November 5, 2014 | Prachi Gupta

There are some New York urban legends that we know are preposterous — like the carnivorous alligators dwelling in the sewers or the ghost ship that haunts the Hudson River — but the most persistent and believable of all rumors is that rats outnumber humans in the city. Well, rest assured New Yorkers, because Jonathan Auerbach, a statistics doctoral student at Columbia University, has found that this isn’t the case.
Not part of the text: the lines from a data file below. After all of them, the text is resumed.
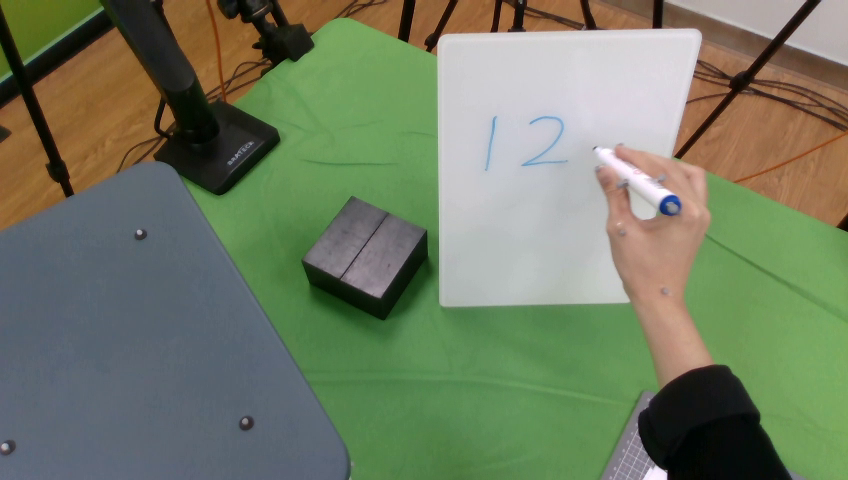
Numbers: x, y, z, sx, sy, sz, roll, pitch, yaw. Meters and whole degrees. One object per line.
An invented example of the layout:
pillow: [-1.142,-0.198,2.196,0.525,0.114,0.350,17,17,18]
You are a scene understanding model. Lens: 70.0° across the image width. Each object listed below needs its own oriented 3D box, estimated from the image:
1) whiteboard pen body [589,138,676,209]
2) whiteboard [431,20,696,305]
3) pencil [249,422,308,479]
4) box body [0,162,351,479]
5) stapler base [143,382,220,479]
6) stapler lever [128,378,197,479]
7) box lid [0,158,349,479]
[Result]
whiteboard pen body: [0.158,-0.058,0.479,0.017,0.017,0.139,-9,28,-5]
whiteboard: [0.117,-0.093,0.633,0.217,0.308,0.142,-1,38,0]
pencil: [-0.175,0.240,0.552,0.012,0.012,0.193,32,53,19]
box body: [-0.253,0.142,0.533,0.254,0.162,0.360,-32,63,-18]
stapler base: [-0.236,0.194,0.571,0.041,0.025,0.129,1,60,23]
stapler lever: [-0.243,0.183,0.551,0.026,0.040,0.117,1,58,23]
box lid: [-0.255,0.101,0.471,0.263,0.015,0.368,-31,64,-18]

LiveScience reports that the rat population is actually around two million, only one quarter of New York’s eight million residents. And two million is a generous estimate. Here’s how Auerbach gets to that number:

The researcher looked at rat sightings on New York’s 842,000 property lots, during the first half of 2010 and then during the first half of 2011. The percentage of “recaptured” lots (or lots that had rat sightings in both 2010 and 2011) helped Auerbach determine that 40,500 (or 4.75 percent) of all New York’s lots were rat infested. Assuming a typical rat colony has 40 to 50 members, he estimated the total rat population in the city is 2 million. But even that number might be an overestimation, Auerbach said.

It’s an overestimation because Auerbach is assuming that every infested lot belongs to a separate colony of rats, when in reality it is possible that a single colony can occupy several lots. “This overestimation allows us to be confident that there are not 8 million rats in NYC,” he said.

This is good news and all, but let’s be real: If you had 2 million rat-sized horses versus one horse-sized rat, I think all New Yorkers would choose to battle the horse-sized rat. And that’s because two million of these creatures still feels like too many.